On the basis of the records below, report how many lines contain the word "angles". Nothing else should be given.

══ SUPPLIED MATERIAL

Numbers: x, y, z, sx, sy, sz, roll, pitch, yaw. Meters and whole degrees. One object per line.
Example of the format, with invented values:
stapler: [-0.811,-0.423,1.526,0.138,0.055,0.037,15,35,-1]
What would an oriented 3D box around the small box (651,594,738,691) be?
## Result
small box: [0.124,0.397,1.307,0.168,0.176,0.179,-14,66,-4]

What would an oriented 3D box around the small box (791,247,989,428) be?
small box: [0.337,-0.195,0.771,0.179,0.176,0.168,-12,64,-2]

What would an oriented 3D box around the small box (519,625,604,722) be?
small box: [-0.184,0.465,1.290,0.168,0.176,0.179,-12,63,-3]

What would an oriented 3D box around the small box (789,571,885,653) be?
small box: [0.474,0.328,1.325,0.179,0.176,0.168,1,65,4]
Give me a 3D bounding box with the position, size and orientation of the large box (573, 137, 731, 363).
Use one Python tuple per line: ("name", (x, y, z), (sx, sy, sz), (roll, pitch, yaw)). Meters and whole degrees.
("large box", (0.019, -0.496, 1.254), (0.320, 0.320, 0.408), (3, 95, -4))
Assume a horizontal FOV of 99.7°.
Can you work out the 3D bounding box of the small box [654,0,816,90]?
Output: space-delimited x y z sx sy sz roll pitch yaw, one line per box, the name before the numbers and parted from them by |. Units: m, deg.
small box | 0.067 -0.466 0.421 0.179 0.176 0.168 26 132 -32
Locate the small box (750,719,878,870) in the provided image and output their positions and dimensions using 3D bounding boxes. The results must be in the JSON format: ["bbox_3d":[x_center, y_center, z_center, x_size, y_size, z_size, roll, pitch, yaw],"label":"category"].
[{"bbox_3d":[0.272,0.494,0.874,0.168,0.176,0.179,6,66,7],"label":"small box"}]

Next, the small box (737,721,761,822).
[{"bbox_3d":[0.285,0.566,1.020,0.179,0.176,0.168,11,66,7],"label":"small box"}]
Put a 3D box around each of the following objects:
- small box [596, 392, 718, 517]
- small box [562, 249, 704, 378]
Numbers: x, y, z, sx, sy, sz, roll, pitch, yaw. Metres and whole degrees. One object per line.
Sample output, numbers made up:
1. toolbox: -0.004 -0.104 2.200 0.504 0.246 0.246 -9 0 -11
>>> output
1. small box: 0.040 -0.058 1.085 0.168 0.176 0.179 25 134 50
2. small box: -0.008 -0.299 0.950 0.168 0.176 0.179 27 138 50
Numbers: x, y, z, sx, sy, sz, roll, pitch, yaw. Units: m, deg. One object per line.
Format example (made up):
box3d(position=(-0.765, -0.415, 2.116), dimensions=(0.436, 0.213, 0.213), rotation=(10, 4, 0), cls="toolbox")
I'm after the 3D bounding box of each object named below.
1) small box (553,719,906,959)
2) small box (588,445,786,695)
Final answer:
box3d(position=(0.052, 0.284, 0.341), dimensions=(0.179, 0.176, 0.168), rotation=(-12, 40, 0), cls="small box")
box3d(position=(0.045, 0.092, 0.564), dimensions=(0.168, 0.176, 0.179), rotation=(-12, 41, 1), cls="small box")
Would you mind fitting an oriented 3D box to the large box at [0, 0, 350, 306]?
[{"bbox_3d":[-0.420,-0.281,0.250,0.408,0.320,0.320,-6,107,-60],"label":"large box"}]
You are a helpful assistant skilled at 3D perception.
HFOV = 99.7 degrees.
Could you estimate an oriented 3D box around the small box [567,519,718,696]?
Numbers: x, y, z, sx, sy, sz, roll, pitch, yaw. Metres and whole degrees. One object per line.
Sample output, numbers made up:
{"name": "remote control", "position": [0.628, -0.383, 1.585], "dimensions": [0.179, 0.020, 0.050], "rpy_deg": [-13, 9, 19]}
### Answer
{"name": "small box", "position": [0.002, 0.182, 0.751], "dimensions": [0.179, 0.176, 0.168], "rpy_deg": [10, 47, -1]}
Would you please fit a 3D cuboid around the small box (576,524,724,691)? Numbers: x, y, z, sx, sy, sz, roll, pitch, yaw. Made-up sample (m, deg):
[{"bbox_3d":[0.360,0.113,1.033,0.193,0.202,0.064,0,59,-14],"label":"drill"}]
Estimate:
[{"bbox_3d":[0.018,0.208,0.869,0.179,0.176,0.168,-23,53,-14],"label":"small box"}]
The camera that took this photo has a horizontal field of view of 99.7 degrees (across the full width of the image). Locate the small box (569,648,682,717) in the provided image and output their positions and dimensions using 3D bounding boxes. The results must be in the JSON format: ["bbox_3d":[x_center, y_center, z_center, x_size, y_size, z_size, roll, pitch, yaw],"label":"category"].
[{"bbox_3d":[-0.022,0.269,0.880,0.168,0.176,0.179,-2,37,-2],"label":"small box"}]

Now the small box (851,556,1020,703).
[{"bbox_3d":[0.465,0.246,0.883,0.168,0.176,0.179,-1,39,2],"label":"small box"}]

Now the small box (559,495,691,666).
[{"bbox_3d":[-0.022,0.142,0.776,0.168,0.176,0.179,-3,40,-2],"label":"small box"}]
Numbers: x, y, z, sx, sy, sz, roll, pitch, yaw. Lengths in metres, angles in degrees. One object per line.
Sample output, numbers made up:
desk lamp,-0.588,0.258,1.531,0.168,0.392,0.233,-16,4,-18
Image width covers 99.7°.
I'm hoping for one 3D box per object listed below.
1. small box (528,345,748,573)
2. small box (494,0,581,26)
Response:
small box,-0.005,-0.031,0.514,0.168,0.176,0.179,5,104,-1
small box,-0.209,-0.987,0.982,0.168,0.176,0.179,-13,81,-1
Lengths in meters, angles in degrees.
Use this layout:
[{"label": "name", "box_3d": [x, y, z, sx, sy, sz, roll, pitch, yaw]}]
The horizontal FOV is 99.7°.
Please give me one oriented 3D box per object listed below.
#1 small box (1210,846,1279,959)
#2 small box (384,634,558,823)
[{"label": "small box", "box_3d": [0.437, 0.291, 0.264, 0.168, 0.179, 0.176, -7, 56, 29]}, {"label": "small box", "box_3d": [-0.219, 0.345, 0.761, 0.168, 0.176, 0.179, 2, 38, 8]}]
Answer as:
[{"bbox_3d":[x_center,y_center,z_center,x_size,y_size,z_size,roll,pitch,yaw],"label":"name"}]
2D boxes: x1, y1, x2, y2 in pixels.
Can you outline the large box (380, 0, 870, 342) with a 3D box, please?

════

RESPONSE BELOW: 2